Obesity links to depression and anxiety in University of Newcastle research

Tracy Burrows is examining food addiction. Picture: Marina Neil

Tracy Burrows is examining food addiction. Picture: Marina Neil

The rise in cases of obesity and mental illness has coincided, suggesting the two may be linked, a University of Newcastle researcher says.

“There is substantial overlap between addictive eating with mental health conditions such as anxiety and depression,” Associate Professor of Nutrition and Dietetics Tracy Burrows said.

Dr Burrows said mental-health disorders including depression and disordered eating had been linked to obesity.

“The link between the conditions needs further explanation, as it’s likely to be a two-way relationship.” For some people, depression may lead to increased weight and vice versa. “This might then have a spiralling effect,” she said.

Dr Burrows’ comments come as her team of researchers develop an online program to help people deal with food addiction. The program aims to give people coping skills to reduce the amount of food they eat.

It’s a collaboration between University of Newcastle, Hunter Medical Research Institute and University of Queensland. Dr Burrows’ team has reviewed treatments for addictive eating.

Evidence-based programs run by qualified health professionals were found to be scarce. As such, the team moved to develop and trial its own program, using dietitians, psychologists, neuroscientists, occupational therapists and health researchers.

Research has shown that about 20 per cent of people have a food addiction. The symptoms include cravings, withdrawals and repeated attempts to cut down or quit certain foods. 

“It also has similarities with behavioural addictions such as gambling,” she said. 
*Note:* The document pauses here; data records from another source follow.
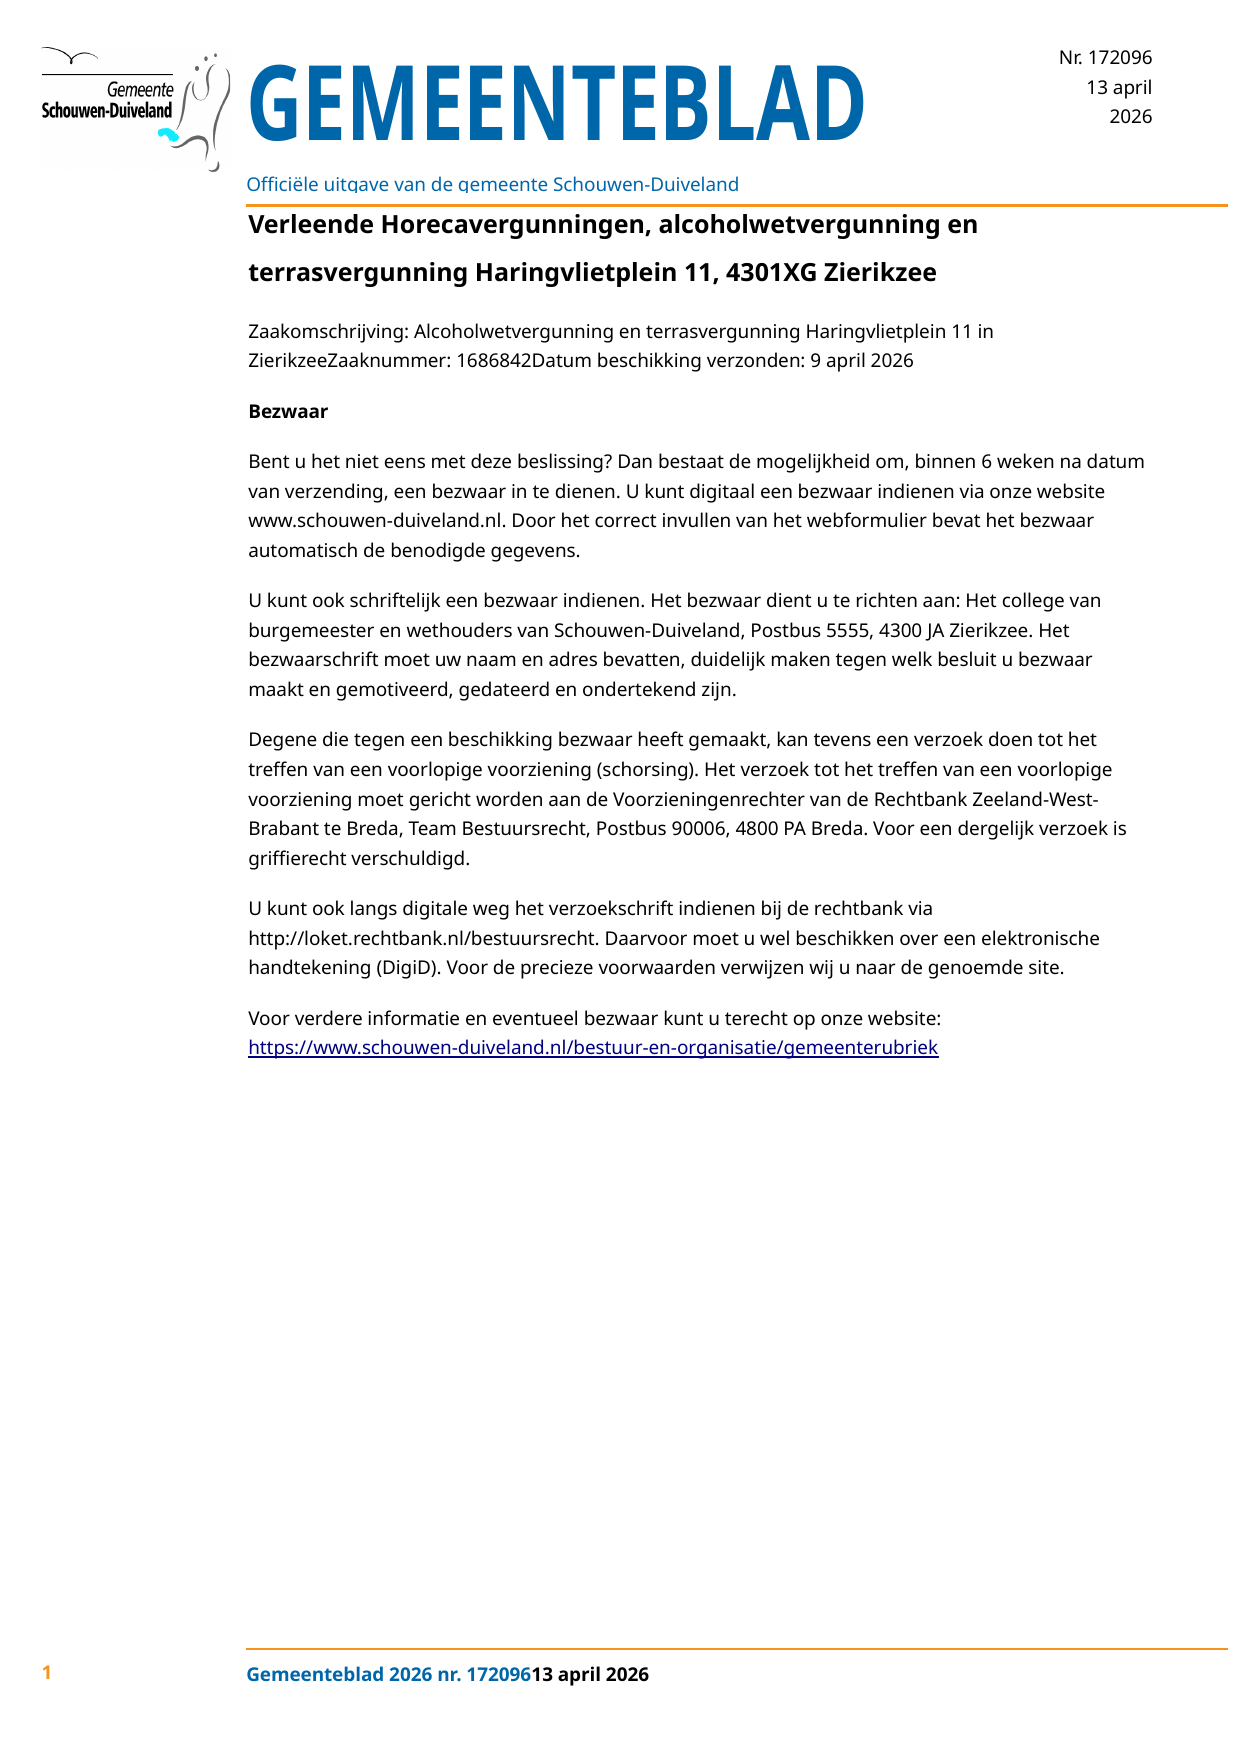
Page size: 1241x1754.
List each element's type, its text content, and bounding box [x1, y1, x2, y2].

text Bent u het niet eens met deze beslissing? Dan bestaat de mogelijkheid om, binnen 6 weken na datum van verzending, een bezwaar in te dienen. U kunt digitaal een bezwaar indienen via onze website www.schouwen-duiveland.nl. Door het correct invullen van het webformulier bevat het bezwaar automatisch de benodigde gegevens. [248, 448, 1152, 563]
text U kunt ook langs digitale weg het verzoekschrift indienen bij de rechtbank via http://loket.rechtbank.nl/bestuursrecht. Daarvoor moet u wel beschikken over een elektronische handtekening (DigiD). Voor de precieze voorwaarden verwijzen wij u naar de genoemde site. [248, 895, 1152, 980]
text Zaakomschrijving: Alcoholwetvergunning en terrasvergunning Haringvlietplein 11 in ZierikzeeZaaknummer: 1686842Datum beschikking verzonden: 9 april 2026 [248, 318, 1152, 373]
text Voor verdere informatie en eventueel bezwaar kunt u terecht op onze website: https://www.schouwen-duiveland.nl/bestuur-en-organisatie/gemeenterubriek [248, 1005, 1152, 1060]
picture [41, 47, 231, 172]
text Degene die tegen een beschikking bezwaar heeft gemaakt, kan tevens een verzoek doen tot het treffen van een voorlopige voorziening (schorsing). Het verzoek tot het treffen van een voorlopige voorziening moet gericht worden aan de Voorzieningenrechter van de Rechtbank Zeeland-West-Brabant te Breda, Team Bestuursrecht, Postbus 90006, 4800 PA Breda. Voor een dergelijk verzoek is griffierecht verschuldigd. [248, 727, 1152, 871]
text U kunt ook schriftelijk een bezwaar indienen. Het bezwaar dient u te richten aan: Het college van burgemeester en wethouders van Schouwen-Duiveland, Postbus 5555, 4300 JA Zierikzee. Het bezwaarschrift moet uw naam en adres bevatten, duidelijk maken tegen welk besluit u bezwaar maakt en gemotiveerd, gedateerd en ondertekend zijn. [248, 587, 1152, 702]
text Bezwaar [248, 398, 1152, 424]
text Verleende Horecavergunningen, alcoholwetvergunning en terrasvergunning Haringvlietplein 11, 4301XG Zierikzee [248, 207, 1152, 288]

“Neuroimaging studies have shown that junk foods as well as beverages increase dopamine levels in reward pathways.”

Consumption of these foods over time may cause a reduction in dopamine activity.

These changes were thought to explain the emergence of symptoms of food addiction, including withdrawal and tolerance. “In some individuals, this may lead to the over-consumption of specific foods in order to achieve the same rewarding effect,” she said.

Many diet and exercise plans for this condition fail because they don’t address the underlying psychological causes.